Our correspondent was told that the National Assembly had withdrawn the summons to the US ambassador.
Nkem-Abonta, in a telephone chat with our correspondent, denied the allegations, saying he was not aware of the summons to the ambassador. He also said he was on vacation when Bello barged into his office to demand a written address.
Nkem-Abonta stated, “He walked into my office; I did not invite him; and he said I should give him a written address. I told him that I was on vacation and I asked him to leave my office and invited the sergeant-at-arms to take him away. No story can embarrass me. He embarrassed himself. Is it not common knowledge that no assembly anywhere can summon an ambassador? I did not issue any summons. Was my signature forged or what? I don’t know. I constituted a panel to find out who summoned the ambassador. I am so experienced to know my limits. I don’t know him and nobody attacked him.

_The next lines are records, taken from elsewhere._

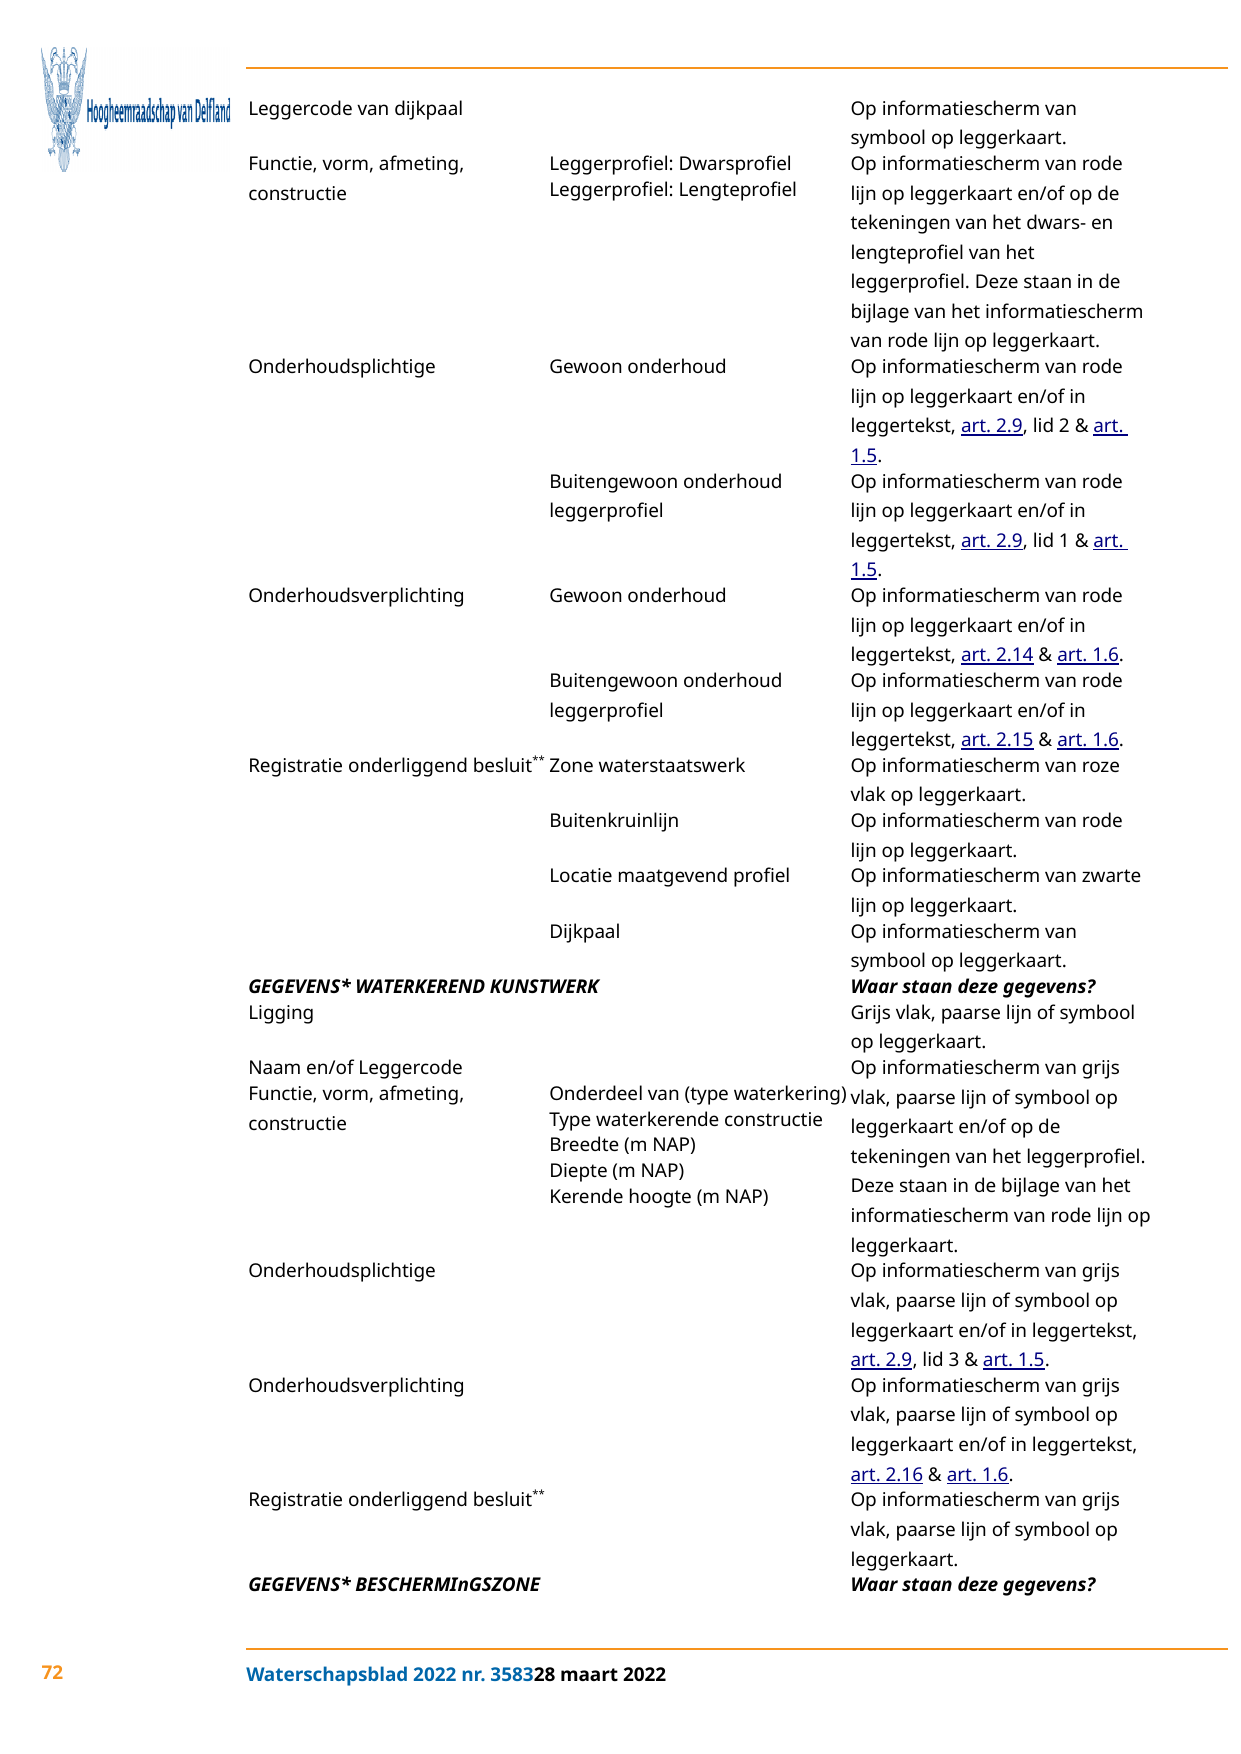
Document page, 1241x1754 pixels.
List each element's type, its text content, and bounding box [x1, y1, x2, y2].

table_cell Registratie onderliggend besluit** [248, 752, 549, 973]
table_cell Op informatiescherm van rode lijn op leggerkaart en/of in leggertekst, art. 2.15 & art. 1.6. [850, 667, 1152, 752]
table_cell Op informatiescherm van zwarte lijn op leggerkaart. [850, 863, 1152, 918]
table_cell Leggerprofiel: Dwarsprofiel [549, 150, 850, 176]
table_cell Op informatiescherm van rode lijn op leggerkaart en/of in leggertekst, art. 2.14 & art. 1.6. [850, 582, 1152, 667]
picture [41, 47, 231, 172]
table_cell Waar staan deze gegevens? [850, 973, 1152, 999]
table_cell Op informatiescherm van rode lijn op leggerkaart en/of in leggertekst, art. 2.9, lid 1 & art. 1.5. [850, 468, 1152, 582]
table_cell Op informatiescherm van grijs vlak, paarse lijn of symbool op leggerkaart. [850, 1487, 1152, 1571]
table_cell Op informatiescherm van rode lijn op leggerkaart en/of in leggertekst, art. 2.9, lid 2 & art. 1.5. [850, 353, 1152, 468]
table_cell Buitengewoon onderhoud leggerprofiel [549, 468, 850, 582]
table_cell Op informatiescherm van symbool op leggerkaart. [850, 918, 1152, 973]
table_cell Gewoon onderhoud [549, 582, 850, 667]
table_cell Leggerprofiel: Lengteprofiel [549, 176, 850, 353]
table_cell Op informatiescherm van rode lijn op leggerkaart. [850, 808, 1152, 863]
table_cell Onderhoudsverplichting [248, 1372, 850, 1487]
table_cell Registratie onderliggend besluit** [248, 1487, 850, 1571]
table_cell Breedte (m NAP) [549, 1132, 850, 1157]
table_cell Onderhoudsverplichting [248, 582, 549, 752]
table_cell Buitenkruinlijn [549, 808, 850, 863]
table_cell Zone waterstaatswerk [549, 752, 850, 807]
table_cell GEGEVENS* WATERKEREND KUNSTWERK [248, 973, 850, 999]
table_cell Kerende hoogte (m NAP) [549, 1183, 850, 1258]
table_cell Onderhoudsplichtige [248, 1258, 850, 1372]
table_cell Op informatiescherm van symbool op leggerkaart. [850, 95, 1152, 150]
table_cell Op informatiescherm van grijs vlak, paarse lijn of symbool op leggerkaart en/of in leggertekst, art. 2.9, lid 3 & art. 1.5. [850, 1258, 1152, 1372]
table_cell Onderdeel van (type waterkering) [549, 1080, 850, 1106]
table_cell Gewoon onderhoud [549, 353, 850, 468]
table_cell Functie, vorm, afmeting, constructie [248, 1080, 549, 1258]
table_cell Op informatiescherm van grijs vlak, paarse lijn of symbool op leggerkaart en/of in leggertekst, art. 2.16 & art. 1.6. [850, 1372, 1152, 1487]
table_cell Locatie maatgevend profiel [549, 863, 850, 918]
table_cell Ligging [248, 999, 850, 1054]
table_cell Type waterkerende constructie [549, 1106, 850, 1132]
table_cell GEGEVENS* BESCHERMInGSZONE [248, 1571, 850, 1597]
table_cell Naam en/of Leggercode [248, 1054, 850, 1080]
table_cell Onderhoudsplichtige [248, 353, 549, 582]
table_cell Leggercode van dijkpaal [248, 95, 850, 150]
table_cell Diepte (m NAP) [549, 1157, 850, 1183]
table_cell Dijkpaal [549, 918, 850, 973]
table_cell Op informatiescherm van roze vlak op leggerkaart. [850, 752, 1152, 807]
table_cell Waar staan deze gegevens? [850, 1571, 1152, 1597]
table_cell Buitengewoon onderhoud leggerprofiel [549, 667, 850, 752]
table_cell Op informatiescherm van grijs vlak, paarse lijn of symbool op leggerkaart en/of op de tekeningen van het leggerprofiel. Deze staan in de bijlage van het informatiescherm van rode lijn op leggerkaart. [850, 1054, 1152, 1258]
table_cell Functie, vorm, afmeting, constructie [248, 150, 549, 353]
table_cell Op informatiescherm van rode lijn op leggerkaart en/of op de tekeningen van het dwars- en lengteprofiel van het leggerprofiel. Deze staan in de bijlage van het informatiescherm van rode lijn op leggerkaart. [850, 150, 1152, 353]
table_cell Grijs vlak, paarse lijn of symbool op leggerkaart. [850, 999, 1152, 1054]

“The clerk was relieved of his duty because of that matter. He is no longer the clerk; are you not aware? I did not sign any summons and I don’t know who did. I only read in the paper and I asked to find out and I reported to the authorities. Does he have the right to barge into my office? Does he have the right to demand a written address on why the petition was not heard? I said no; when he refused to leave my office, I called the sergeant-at-arms to take him away.”
However, a policeman involved in the case said Bello was blameless in the matter, adding that the committee chairman only vented his anger on him.
The cop explained, “He (Bello) went there to get feedback when the honourable chairman picked offence and said he had come to embarrass him in his office. Unknown to him, the clerk was really at fault. He (Nkem-Abonta) picked offence and transferred his aggression to the man. He referred Bello and the clerk to us. After listening to the clerk and Bello, we did not see any reason to detain him, so we decided to release him. We asked him to return the following day so we could thrash out the matter.”
He said Bello’s telephone was seized in order to ensure that he returned the following day since he had no one to take him on bail. The policeman added that the activist had, however, refused to return to the station since he was released.
When our correspondent contacted the clerk, he asked him to come to Abuja.